WHAT THIS TASK INVOLVES>
Scan the lines below and report each one containing "import" by copying it.

···

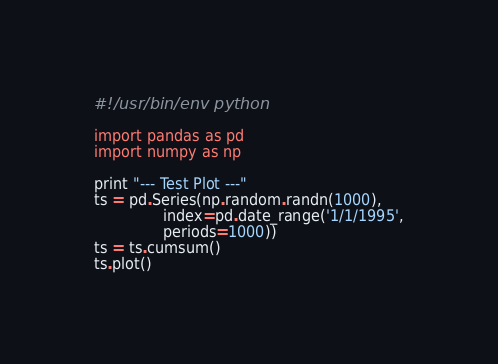Convert code to text. <code><loc_0><loc_0><loc_500><loc_500><_Python_>#!/usr/bin/env python

import pandas as pd
import numpy as np

print "--- Test Plot ---"
ts = pd.Series(np.random.randn(1000),
               index=pd.date_range('1/1/1995',
               periods=1000))
ts = ts.cumsum()
ts.plot()</code> 
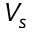Convert formula to latex. <formula><loc_0><loc_0><loc_500><loc_500>V _ { s }</formula> 
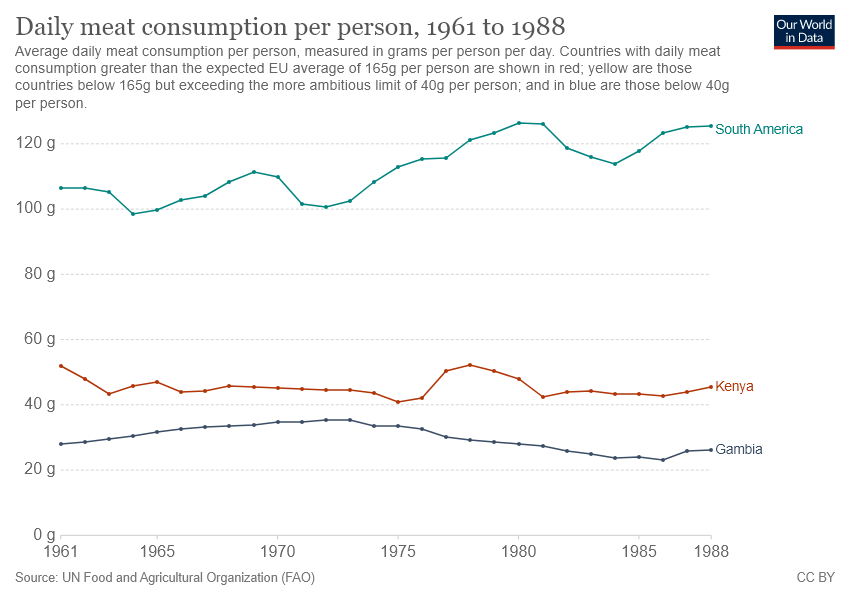Indicate a few pertinent items in this graphic. What is red data in Kenya? The data has been passed for 120 gigabytes in South America for approximately seven years. 
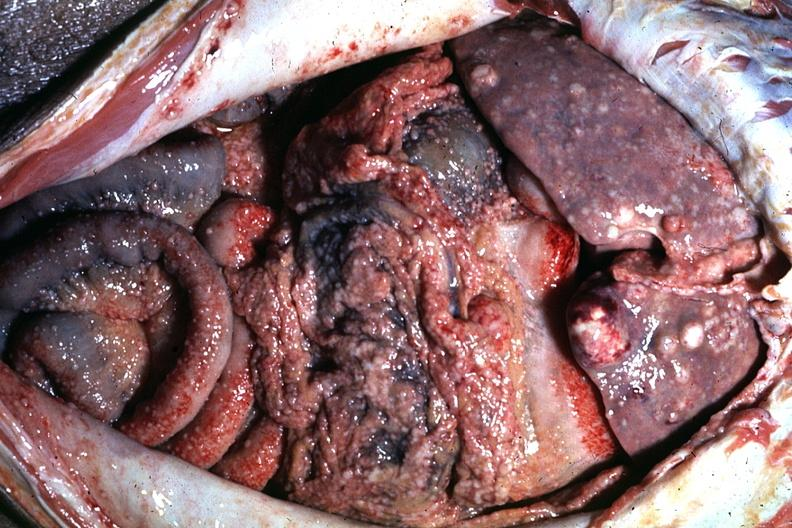where is this area in the body?
Answer the question using a single word or phrase. Abdomen 
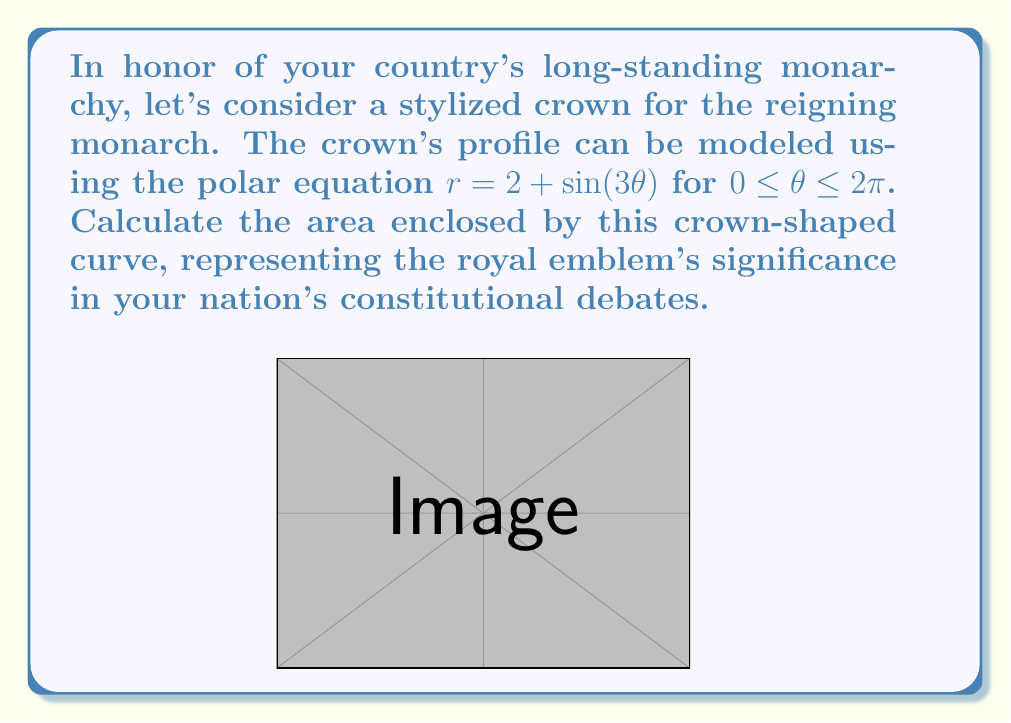Provide a solution to this math problem. To calculate the area enclosed by the polar curve $r = 2 + \sin(3\theta)$, we'll use the formula for the area of a polar region:

$$A = \frac{1}{2} \int_{0}^{2\pi} r^2 d\theta$$

Let's break this down step-by-step:

1) First, we need to square our $r$ function:
   $r^2 = (2 + \sin(3\theta))^2 = 4 + 4\sin(3\theta) + \sin^2(3\theta)$

2) Now, we can set up our integral:
   $$A = \frac{1}{2} \int_{0}^{2\pi} (4 + 4\sin(3\theta) + \sin^2(3\theta)) d\theta$$

3) Let's integrate each term separately:
   
   a) $\int_{0}^{2\pi} 4 d\theta = 4\theta \big|_{0}^{2\pi} = 8\pi$
   
   b) $\int_{0}^{2\pi} 4\sin(3\theta) d\theta = -\frac{4}{3}\cos(3\theta) \big|_{0}^{2\pi} = 0$
   
   c) For $\int_{0}^{2\pi} \sin^2(3\theta) d\theta$, we can use the identity $\sin^2 x = \frac{1}{2}(1 - \cos(2x))$:
      
      $\int_{0}^{2\pi} \sin^2(3\theta) d\theta = \int_{0}^{2\pi} \frac{1}{2}(1 - \cos(6\theta)) d\theta$
      
      $= \frac{1}{2}\theta - \frac{1}{12}\sin(6\theta) \big|_{0}^{2\pi} = \pi$

4) Adding these results:
   $$A = \frac{1}{2}(8\pi + 0 + \pi) = \frac{9\pi}{2}$$

Thus, the area enclosed by the crown-shaped curve is $\frac{9\pi}{2}$ square units.
Answer: $\frac{9\pi}{2}$ square units 
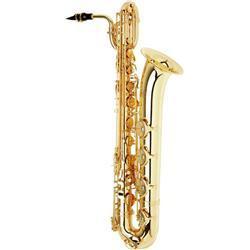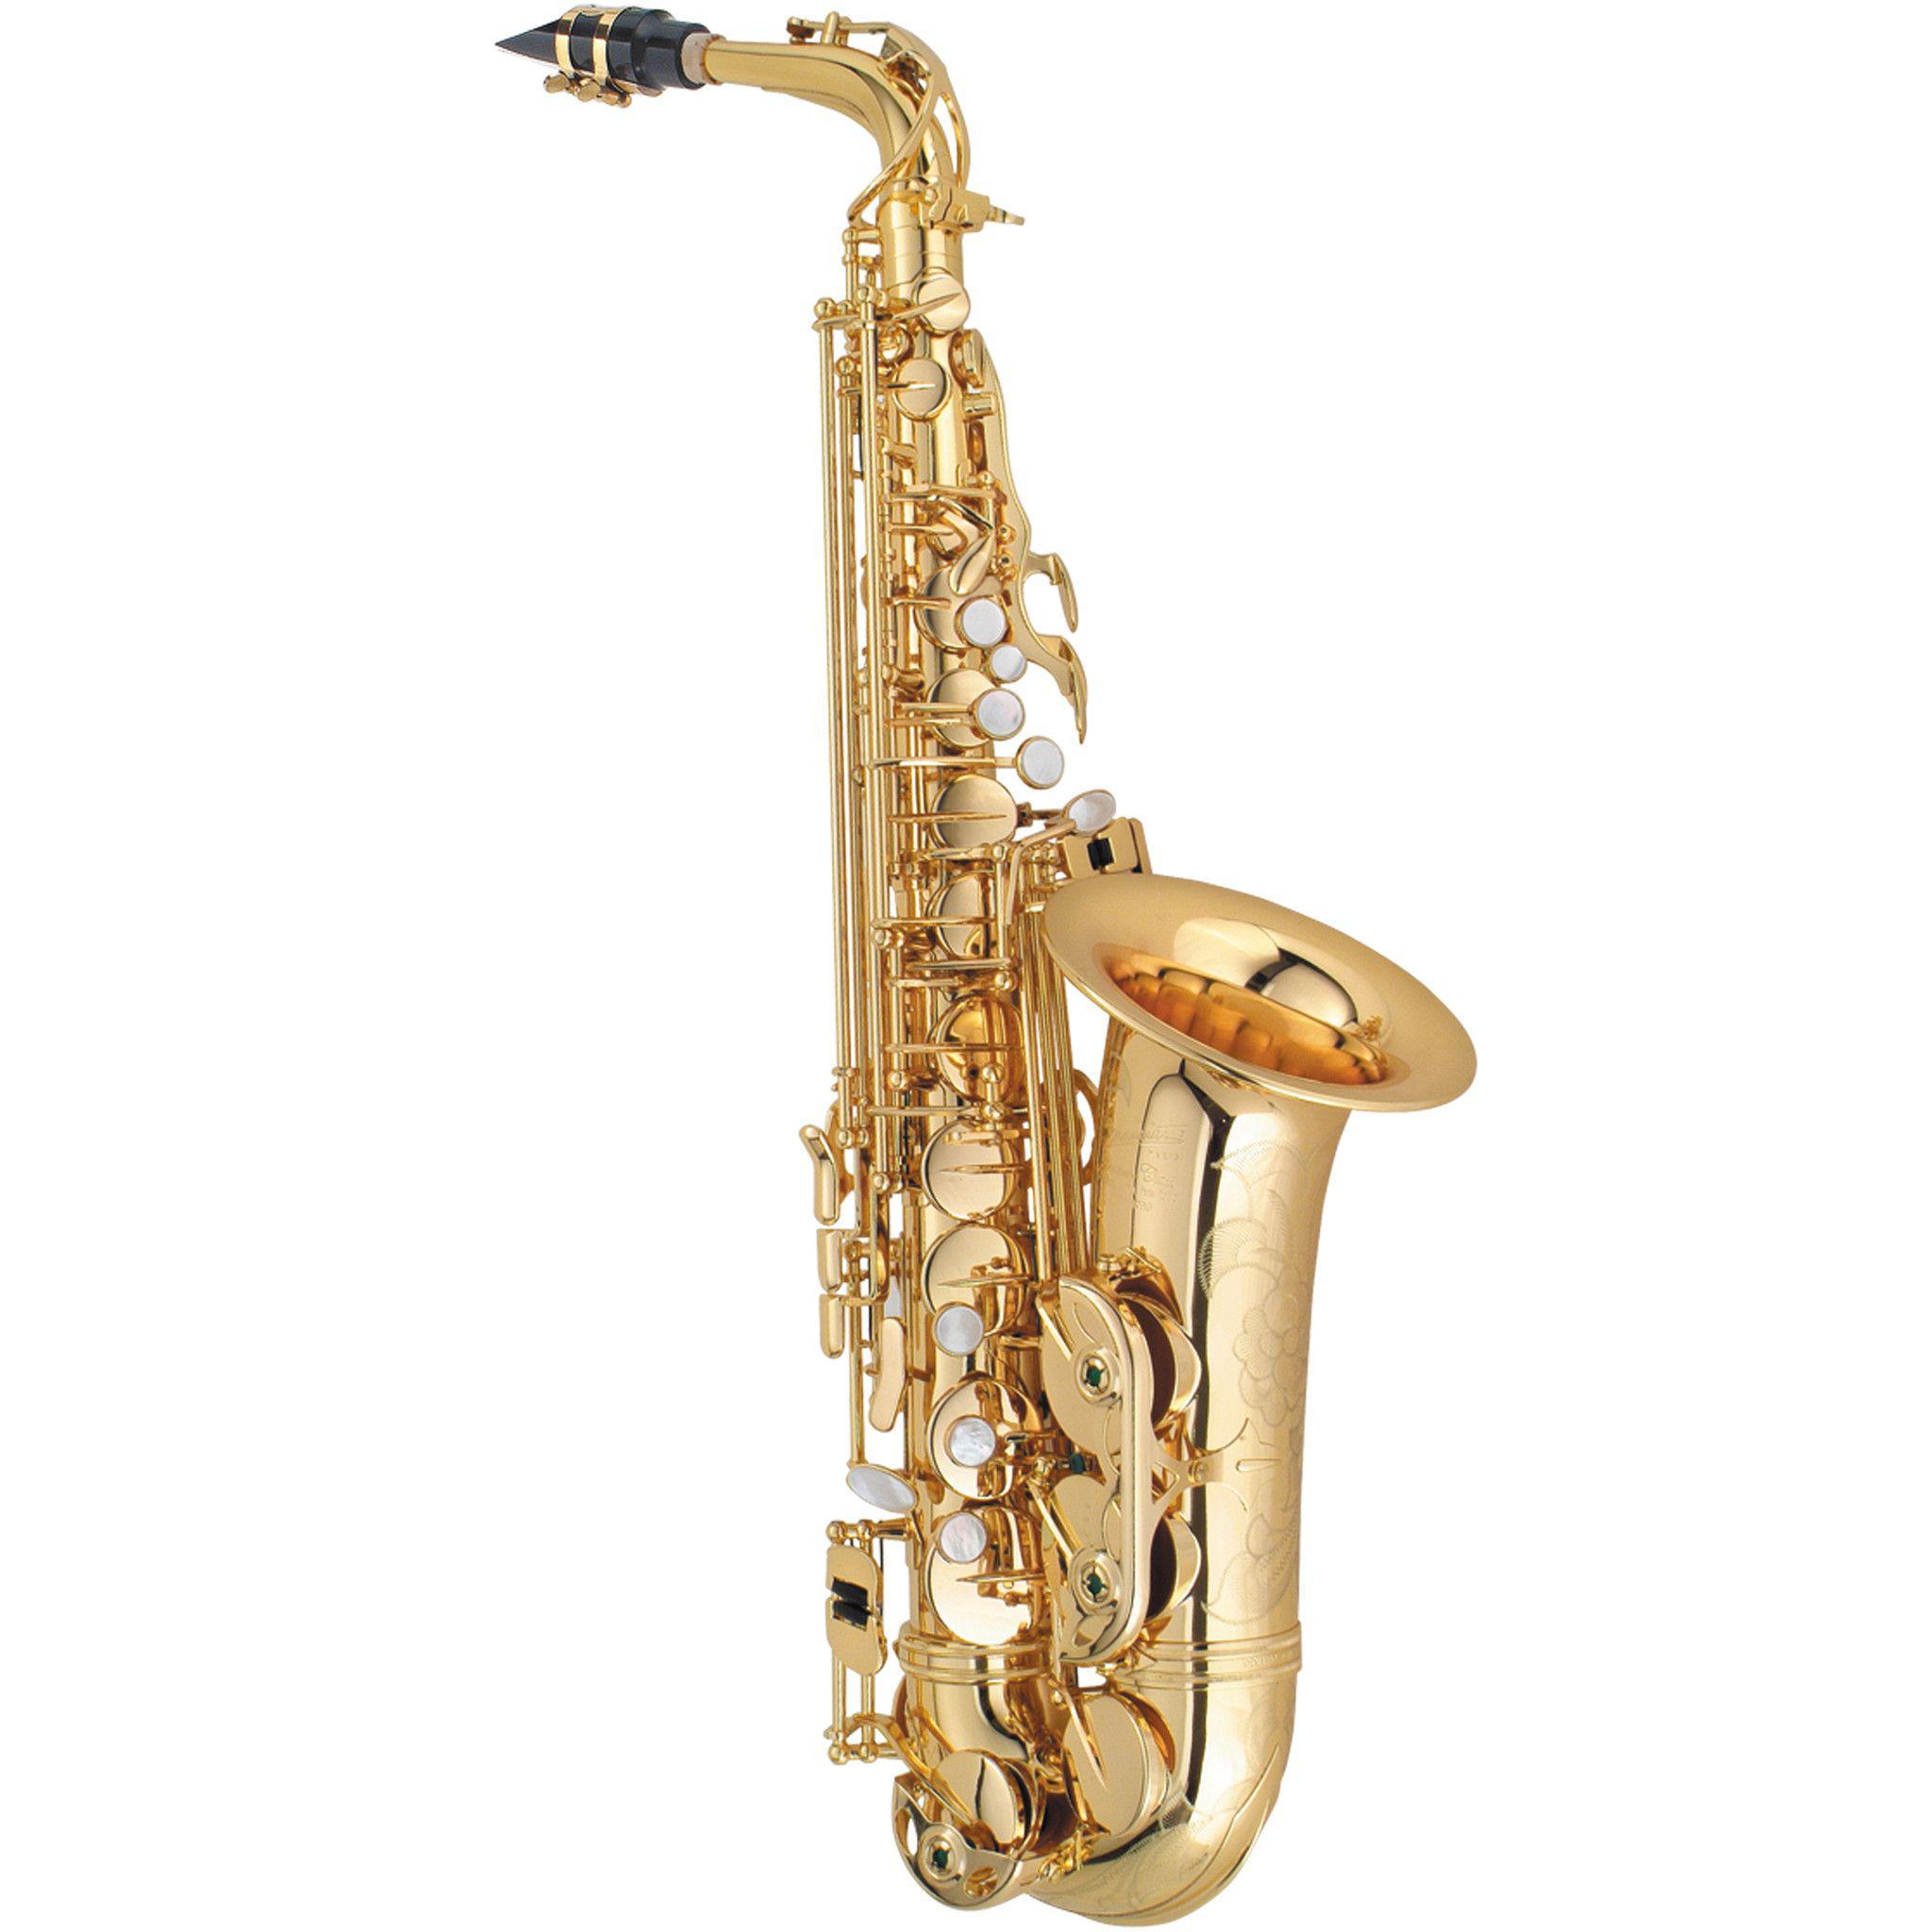The first image is the image on the left, the second image is the image on the right. For the images displayed, is the sentence "The sax on the left is missing a mouthpiece." factually correct? Answer yes or no. No. The first image is the image on the left, the second image is the image on the right. Analyze the images presented: Is the assertion "The saxophone on the left has a black mouthpiece and is displayed vertically, while the saxophone on the right has no dark mouthpiece and is tilted to the right." valid? Answer yes or no. No.

···

ANSWER TO THE EXERCISE>
import pandas as pd
import numpy as np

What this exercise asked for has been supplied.